For investors, the shift on banking counters will follow lenders internal efficiencies and cost structures since they will now be restricted to the same benchmark.
“Right now banks and their customers sort of know how much will be deducted every month, but now they will have to wait the end of each month to get the average Kesonia,” Mr Ogutu said.
He said Kenya seems to be moving along the global shifts where the benchmark rates are being benchmarked on the transactions in the market.
In the developed market banks have moved from the London Interbank Offered Rate (Libor) a projected rate to the Secured Overnight Financing Rate (SOFR) which tracks daily rates.
Cheaper loans
The Central Bank of Kenya is reviewing the benchmark signal to get banks to lower interest rates.
When CBK governor Dr Kamau Thugge raised interest rates to 13 percent, to curb inflation banks were quick to raise their rates in tandem.
However, as the regulator re-adjusted policy and began cutting rates to signal banks to cut their loan costs, they have been hesitant.

The regulator has accused banks of ignoring the signal rate after cutting rates seven times over the last year to reduce the cost of loans.
Despite the CBR coming down to 9.5 percent average commercial banks’ lending rates declined slightly to 15.2 percent in July 2025 from 15.3 percent in June, and 17.2 percent in November 2024.
This has delayed recovery of the economy which had slumped when interest rates were raised resulting in shrinking private sector credit at the beginning of the year.
Lending to the private sector stood at 3.3 percent in July 2025 compared to 2.2 percent in June, and -2.9 percent in January 2025.
New rate cap
The delays in transmitting lower rates to the public risks rising anti-banking sentiment that preceded the capping of interest rates in 2016.
Before the rate cap was imposed, the Central Bank of Kenya had introduced the Kenyan Bakers Reference Rate (KBRR) which gave a recommendation but allowed banks to top off with their perceived risk.
KBRR, which was calculated as an average of the CBR and the two-month weighted moving average of the 91-day Treasury bill rate.

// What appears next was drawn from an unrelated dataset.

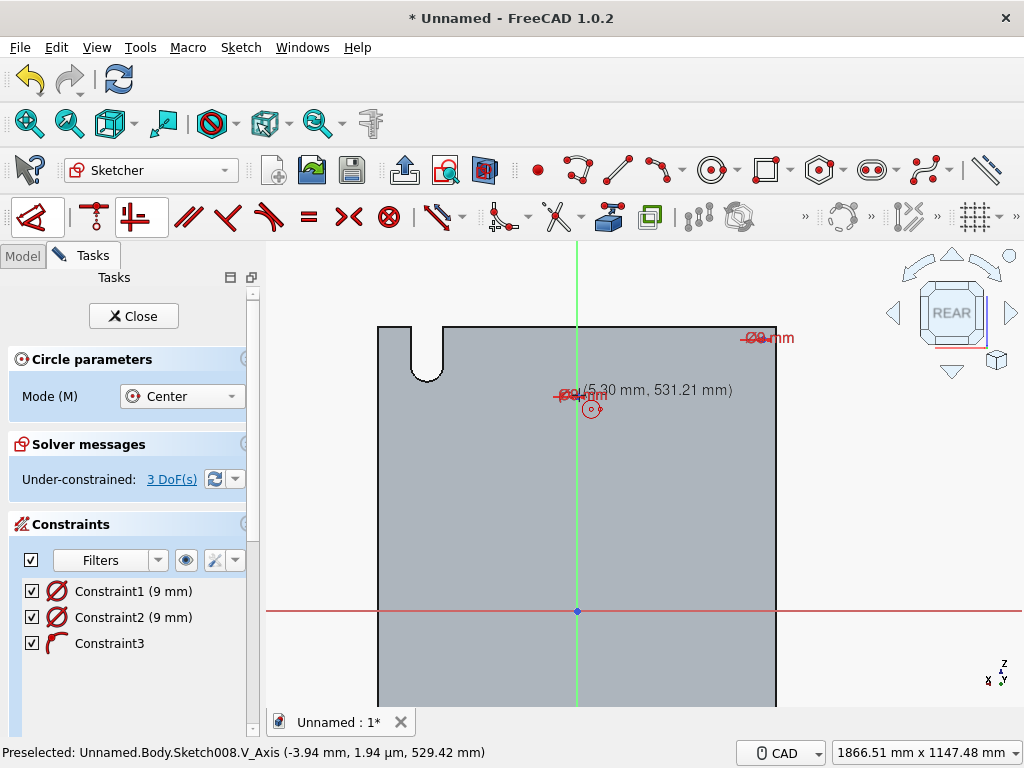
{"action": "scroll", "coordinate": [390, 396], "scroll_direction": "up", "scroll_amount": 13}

Banks largely ignored the rate and charged exorbitantly, which led to the call to have a ceiling that eventually introduced the cap.
Now again, MPs are stoking populism in promising to cap interest rates charged by loan sharks. Embakasi MP Babu Owino has promised to introduce the Micro Finance Fair Credit Bill of 2025 even as legislators to with several attempts to cap lending rates.